Singapore-based Bitcoin miner Bitdeer has liquidated its entire Bitcoin treasury, selling all 3,231 BTC mined since February 21, 2026, for over $205 million. The move reduces the company's corporate holdings to zero, abandoning the industry's standard strategy of holding mined Bitcoin as a balance sheet reserve.
What Happened
Bitdeer Technologies Group (NASDAQ: BTDR) confirmed it has sold every Bitcoin mined since late February, totaling 3,231 BTC valued at more than $205 million at current prices. The company's April 2026 production update showed 783 BTC mined in that month alone, a 372% year-over-year increase, yet none were retained. This marks a decisive break from the HODL strategy adopted by peers like Canaan and Marathon Digital.

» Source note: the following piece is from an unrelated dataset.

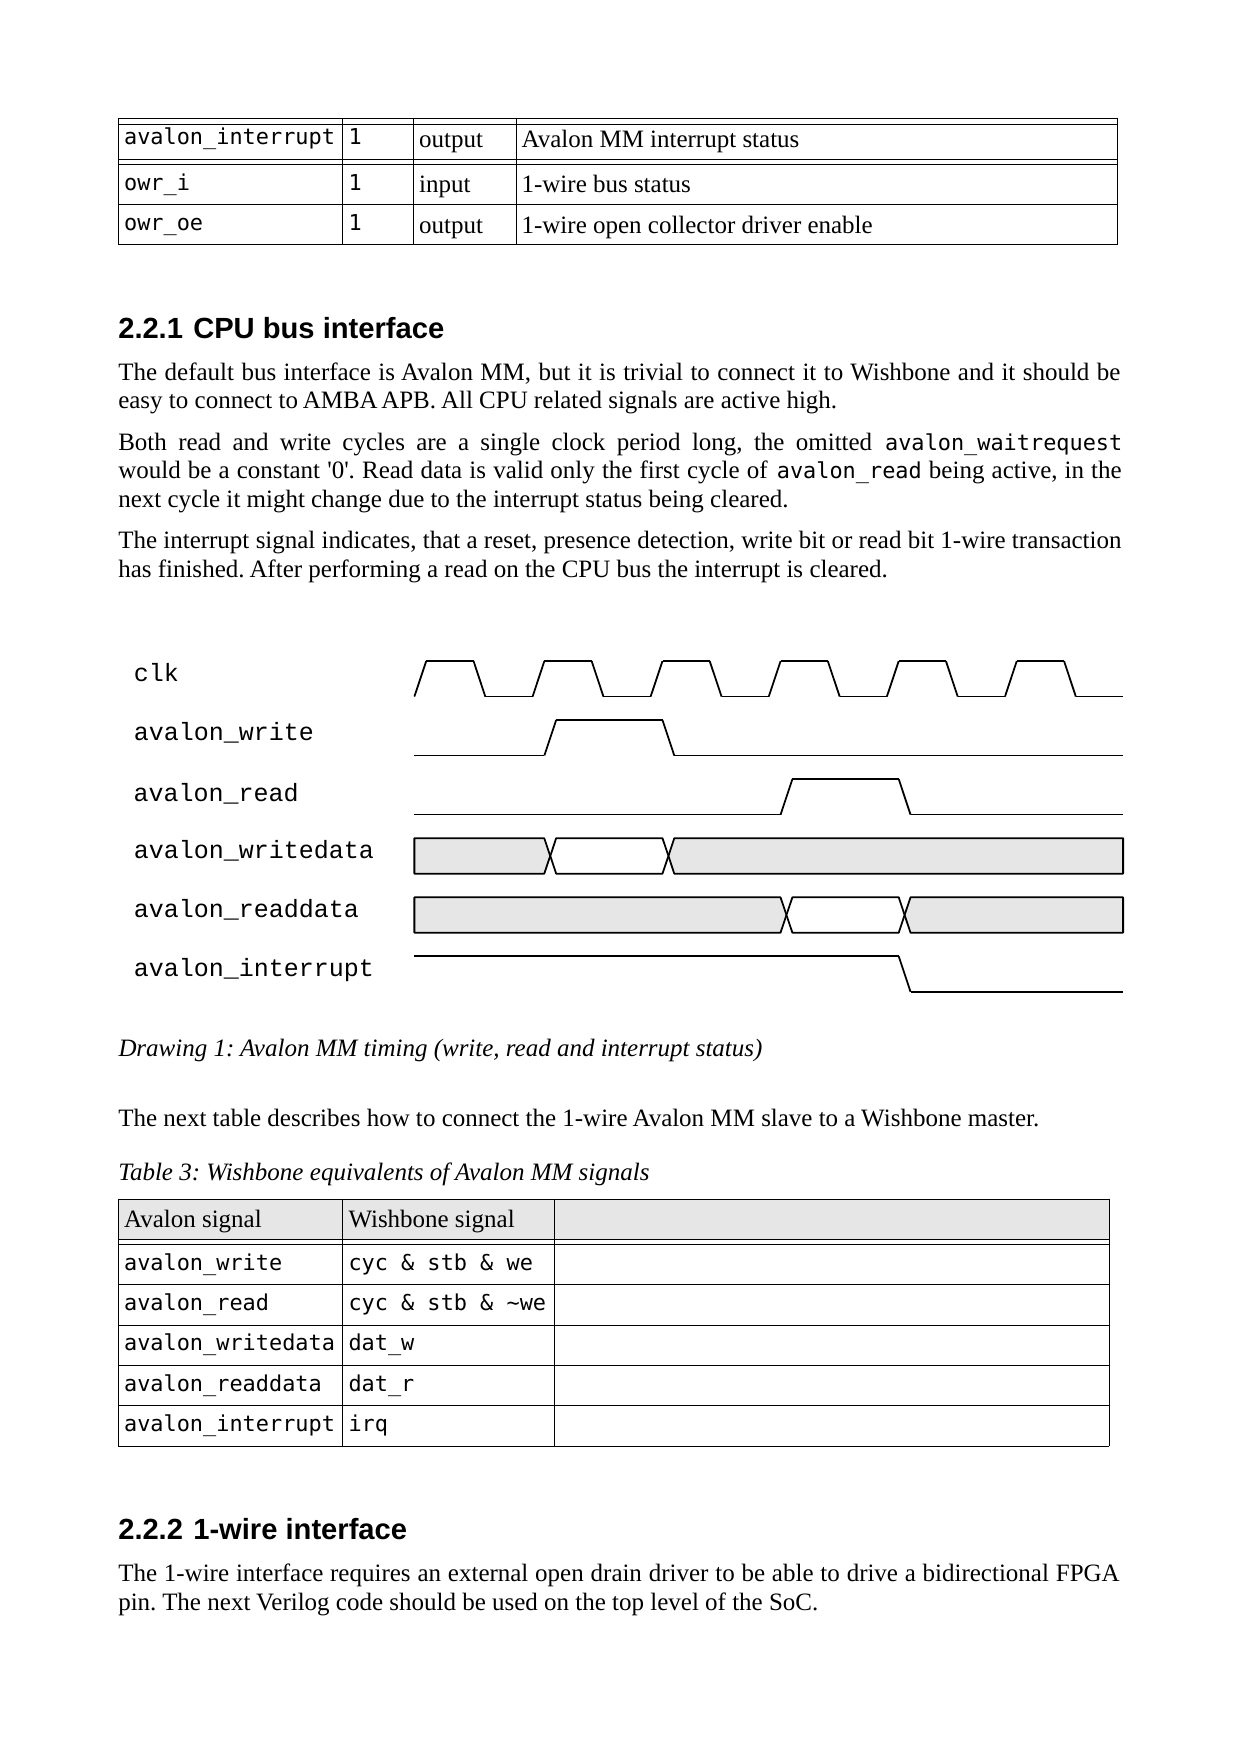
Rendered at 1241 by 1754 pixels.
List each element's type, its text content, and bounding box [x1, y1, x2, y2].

The liquidation comes as mining profitability has plunged. Bitdeer reported a third-quarter net loss of $266.7 million, a 422% decline year-over-year, sending its stock down 20% in a single session. The company cited a "sustained imbalance" between Bitcoin mining economics and the soaring demand for AI computing power as the primary driver. For context on Bitcoin mining economics, see Wikipedia: Bitcoin mining.
Why It Matters
The shift signals a structural change in the mining sector. Public Bitcoin miners signed $70 billion in AI and high-performance computing contracts in 2025, with some operators projecting 70% of revenue from AI by end of 2026. Bitdeer expects to deploy over 200 megawatts for AI data centers across its global sites, including Norway and Southeast Asia. This mirrors the broader AI capex boom driving infrastructure investment.

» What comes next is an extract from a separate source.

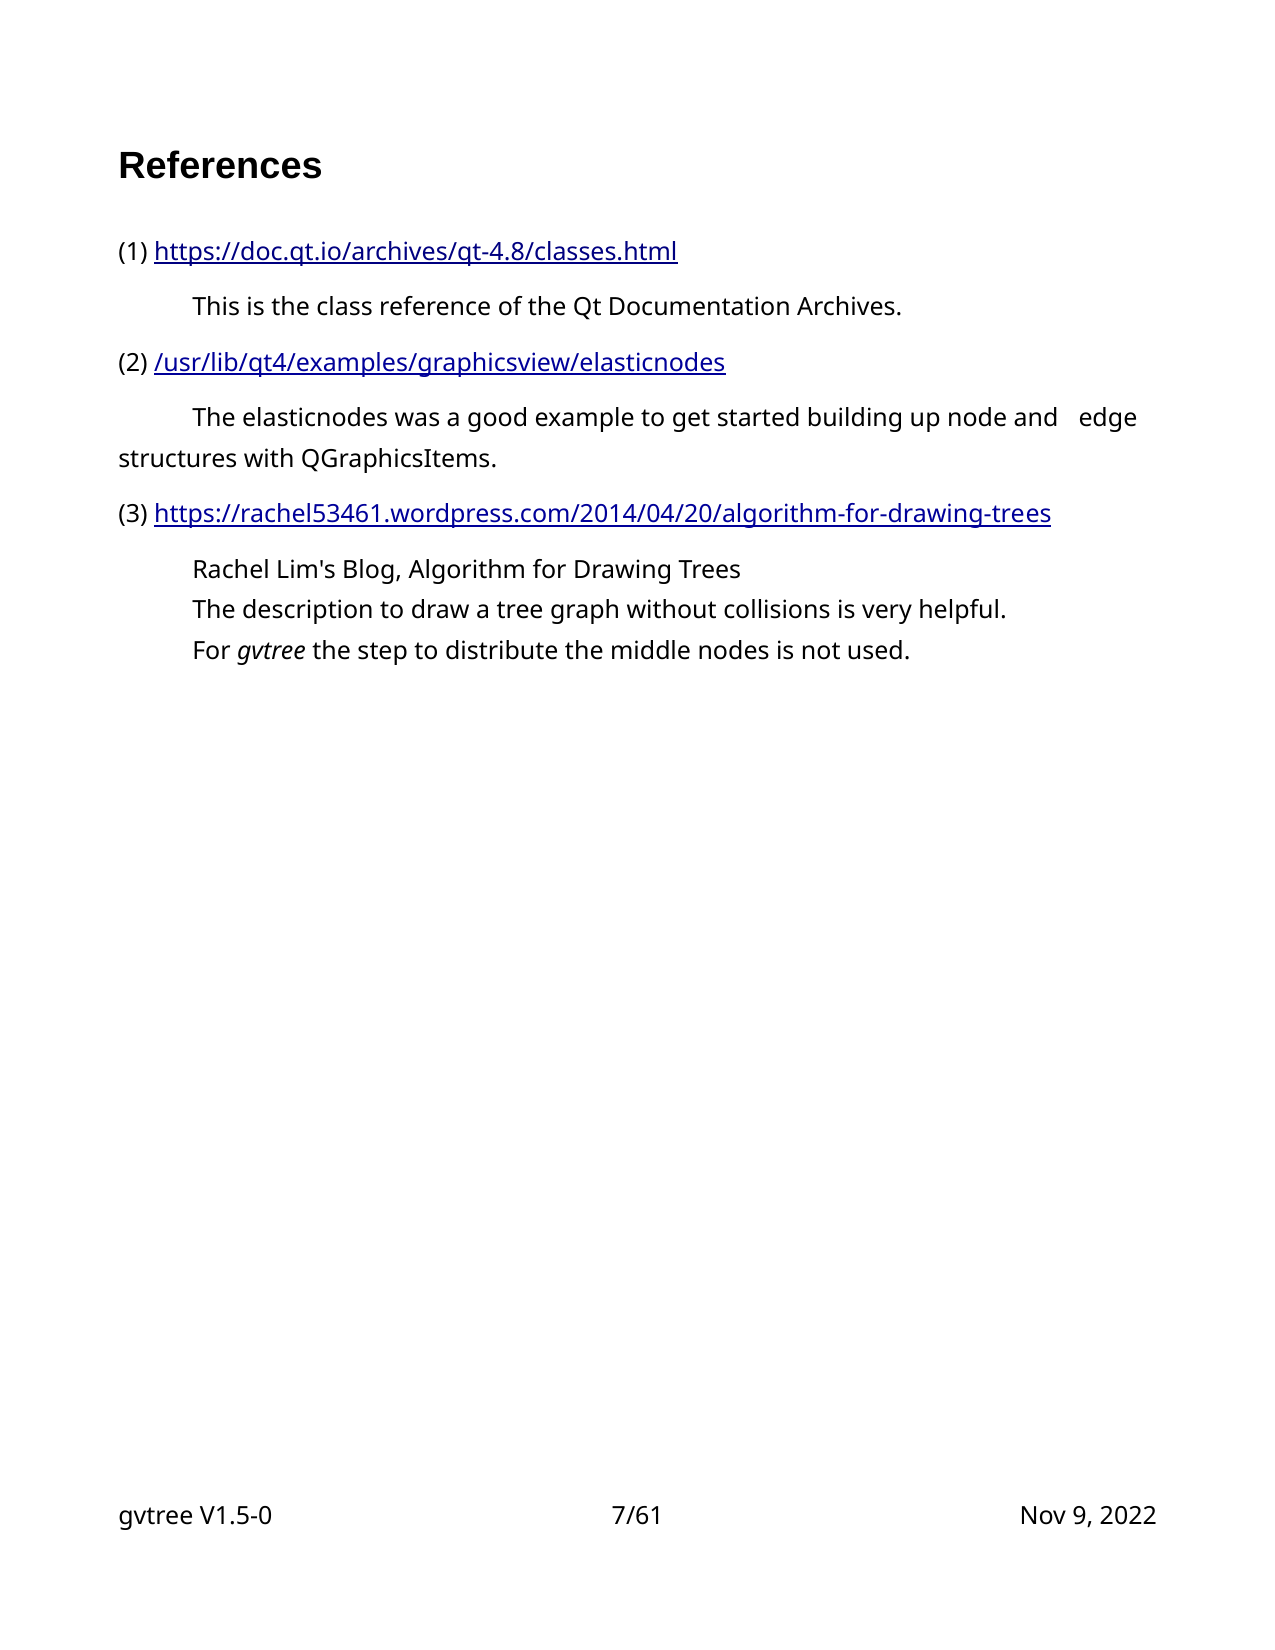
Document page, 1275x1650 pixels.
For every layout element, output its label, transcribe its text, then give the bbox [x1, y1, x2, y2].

For Bitcoin markets, the sale of 3,231 BTC by a single miner represents meaningful sell pressure. However, the coins were sold gradually over months rather than in a single dump, limiting market impact. The broader trend of miners pivoting to AI could reduce long-term Bitcoin accumulation by corporate treasuries, as seen with Bitcoin price dynamics and inflation-driven volatility.
What's Next
Bitdeer's AI pivot accelerates with negotiations underway for colocation tenants at its Tydal, Norway facility. The company recently closed a $300 million convertible note offering to fund AI infrastructure expansion, though the announcement triggered a 17% stock decline on investor dilution concerns. Analysts have raised price targets on the AI narrative, but execution risk remains high as the miner transitions from pure-play Bitcoin to hybrid AI infrastructure. This follows a pattern of Wall Street embracing crypto and regulated crypto derivatives.